Generating results for ['meta/llama-3.1-8b-instruct']
Running full test cases for categories: ['simple'].
Generating results for meta/llama-3.1-8b-instruct:   0%|          | 0/2 [00:00<?, ?it/s]
Generating results for meta/llama-3.1-8b-instruct:  50%|█████     | 1/2 [00:00<00:00,  3.09it/s]
Generating results for meta/llama-3.1-8b-instruct: 100%|██████████| 2/2 [00:00<00:00,  4.37it/s]
Generating results for meta/llama-3.1-8b-instruct: 100%|██████████| 2/2 [00:00<00:00,  4.12it/s]
environment variable BFCL_DATA_DIR is set as /jobs/datasets/eval-2rDA3TM9Kt4rozrn8B6mrg/default/kngo-eval-test-datasets/bfcl-custom-evalfactory/nativeformat. Custom data directory is used.
Number of models evaluated:   0%|          | 0/1 [00:00<?, ?it/s]

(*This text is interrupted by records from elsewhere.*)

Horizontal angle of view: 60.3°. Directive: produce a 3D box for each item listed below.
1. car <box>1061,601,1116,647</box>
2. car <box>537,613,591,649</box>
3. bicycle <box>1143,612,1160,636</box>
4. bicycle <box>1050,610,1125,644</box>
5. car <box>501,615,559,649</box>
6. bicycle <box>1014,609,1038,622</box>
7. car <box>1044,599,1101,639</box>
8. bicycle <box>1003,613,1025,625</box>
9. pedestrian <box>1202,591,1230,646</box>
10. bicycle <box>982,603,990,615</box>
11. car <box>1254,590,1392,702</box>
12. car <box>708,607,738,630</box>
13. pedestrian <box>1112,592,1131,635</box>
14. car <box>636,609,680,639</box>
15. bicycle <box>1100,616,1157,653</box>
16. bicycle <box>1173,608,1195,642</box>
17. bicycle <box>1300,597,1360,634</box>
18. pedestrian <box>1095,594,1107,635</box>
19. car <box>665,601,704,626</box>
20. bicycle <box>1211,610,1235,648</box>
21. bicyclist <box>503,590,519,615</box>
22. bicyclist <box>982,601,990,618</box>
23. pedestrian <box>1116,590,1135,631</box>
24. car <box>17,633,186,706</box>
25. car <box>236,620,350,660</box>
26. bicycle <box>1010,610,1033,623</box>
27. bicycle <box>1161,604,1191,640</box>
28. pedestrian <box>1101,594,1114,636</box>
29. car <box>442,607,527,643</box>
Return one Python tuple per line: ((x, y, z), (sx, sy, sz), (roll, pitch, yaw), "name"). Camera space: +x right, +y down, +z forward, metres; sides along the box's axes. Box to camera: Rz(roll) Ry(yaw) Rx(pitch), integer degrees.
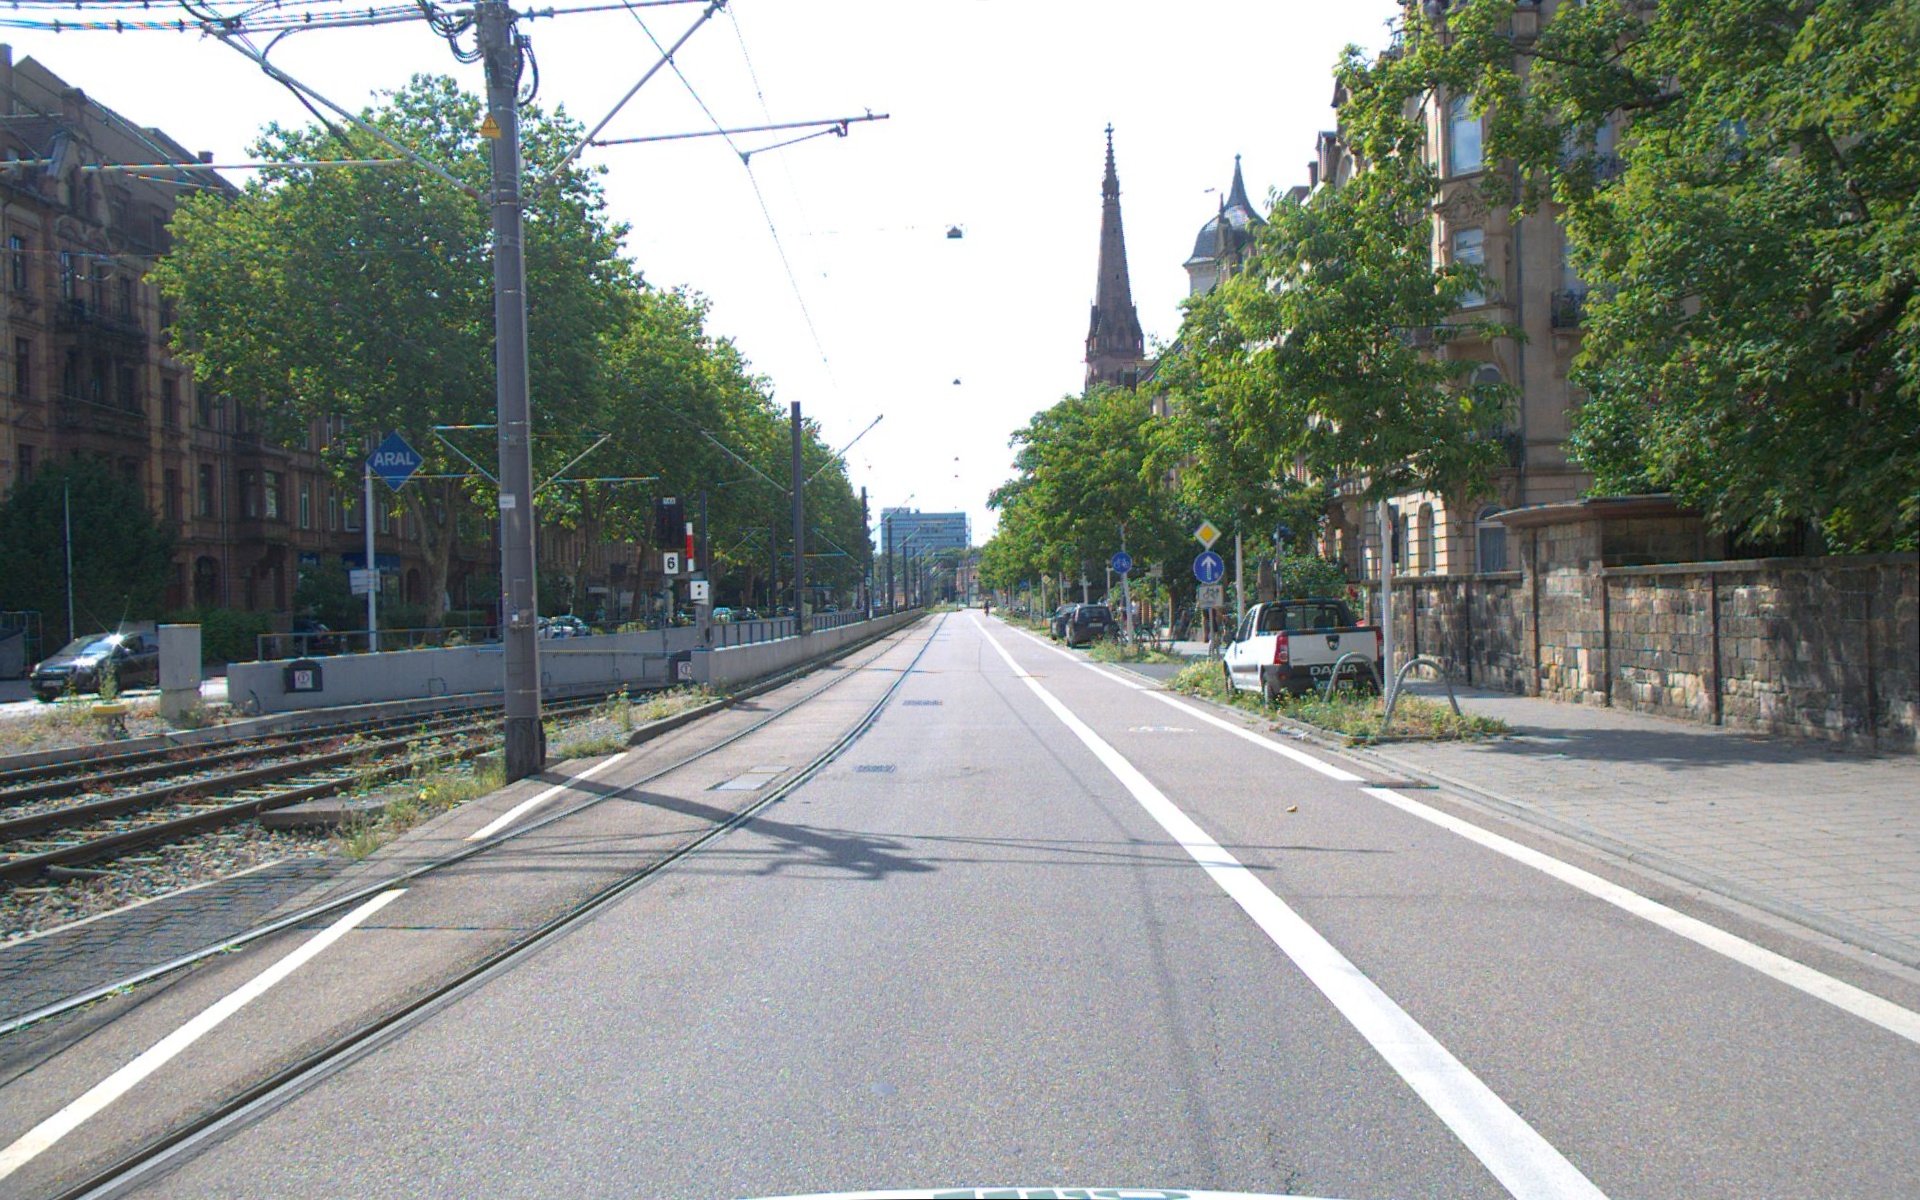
((4.650, 0.832, 60.391), (1.651, 1.528, 4.708), (-2, 0, 0), "car")
((-19.184, 1.482, 80.218), (1.610, 1.508, 4.001), (-4, 0, -1), "car")
((7.962, 0.996, 68.791), (0.419, 0.956, 1.807), (-4, 0, 0), "bicycle")
((5.158, 1.078, 66.891), (2.895, 1.268, 0.790), (-2, 0, -13), "bicycle")
((-19.164, 1.427, 73.771), (1.466, 1.326, 3.492), (-4, 0, 2), "car")
((5.173, 1.200, 129.174), (1.780, 0.918, 0.651), (-4, 0, -4), "bicycle")
((4.746, 0.796, 70.410), (1.763, 1.553, 4.486), (-3, 0, -4), "car")
((4.736, 1.665, 145.373), (1.780, 0.918, 0.603), (-4, 0, -4), "bicycle")
((7.871, 0.579, 50.886), (0.708, 1.657, 0.725), (-1, -1, 0), "pedestrian")
((2.675, 0.917, 169.886), (0.782, 1.258, 2.777), (-1, 0, 1), "bicycle")
((5.211, 0.606, 24.149), (1.633, 1.441, 3.847), (-2, 0, 8), "car")
((-19.864, 1.516, 138.847), (1.801, 1.757, 4.000), (-4, 0, 0), "car")
((7.114, 0.600, 72.817), (0.656, 1.836, 0.319), (-4, 0, -2), "pedestrian")
((-19.347, 1.536, 106.155), (1.682, 1.720, 3.733), (-3, 1, 6), "car")
((5.217, 1.075, 51.306), (1.673, 1.088, 0.470), (-2, 0, -6), "bicycle")
((7.955, 0.867, 58.805), (0.419, 1.159, 2.023), (-4, 0, 0), "bicycle")
((12.391, 0.515, 55.376), (1.853, 1.088, 0.470), (-5, 0, -6), "bicycle")
((6.132, 0.637, 71.870), (0.311, 1.736, 0.461), (-4, 0, 14), "pedestrian")
((-20.072, 0.982, 120.661), (1.952, 1.665, 4.001), (-4, 0, 2), "car")
((8.073, 0.869, 50.824), (0.460, 1.127, 1.711), (-1, 0, 0), "bicycle")
((-27.606, 0.151, 101.735), (0.674, 1.481, 1.044), (-1, 0, 0), "bicyclist")
((2.674, 0.950, 169.920), (0.755, 1.760, 1.026), (-1, 0, 0), "bicyclist")
((7.078, 0.448, 70.899), (0.520, 1.705, 0.571), (-4, 0, -19), "pedestrian")
((-19.605, 1.547, 37.951), (1.633, 1.441, 3.785), (-2, 0, 5), "car")
((-27.833, 1.667, 69.113), (3.904, 1.509, 2.000), (-1, 0, 2), "car")
((5.002, 1.337, 134.108), (1.780, 0.918, 0.603), (-4, 0, -4), "bicycle")
((8.047, 0.792, 61.662), (0.644, 1.270, 2.943), (-4, 0, 0), "bicycle")
((6.495, 0.655, 72.829), (0.450, 1.836, 0.319), (-4, 0, -2), "pedestrian")
((-27.644, 1.431, 96.240), (4.313, 1.952, 1.999), (-1, 0, -2), "car")

Number of models evaluated: 100%|██████████| 1/1 [00:00<00:00, 41.87it/s]
🦍 Model: meta_llama-3.1-8b-instruct
🔍 Running test: simple
✅ Test completed: simple. 🎯 Accuracy: 1.0
📈 Aggregating data to generate leaderboard score table...
🏁 Evaluation completed. See /jobs/results/eval-2rDA3TM9Kt4rozrn8B6mrg/task1/scores/data_overall.csv for overall evaluation results on BFCL V3.
See /jobs/results/eval-2rDA3TM9Kt4rozrn8B6mrg/task1/scores/data_live.csv, /jobs/results/eval-2rDA3TM9Kt4rozrn8B6mrg/task1/scores/data_non_live.csv and /jobs/results/eval-2rDA3TM9Kt4rozrn8B6mrg/task1/scores/data_multi_turn.csv for detailed evaluation results on each sub-section categories respectively.
2025-05-28T20:54:07Z (eval_factory_lib.execution.infra) - INFO: Job script /jobs/results/eval-2rDA3TM9Kt4rozrn8B6mrg/job_commands.sh executed successfully.
INFO:eval_factory_lib.execution.infra:Job script /jobs/results/eval-2rDA3TM9Kt4rozrn8B6mrg/job_commands.sh executed successfully.

The contents of the ZIP file depend on the evaluation job and configuration. Typically, it includes log files generated during the evaluation process.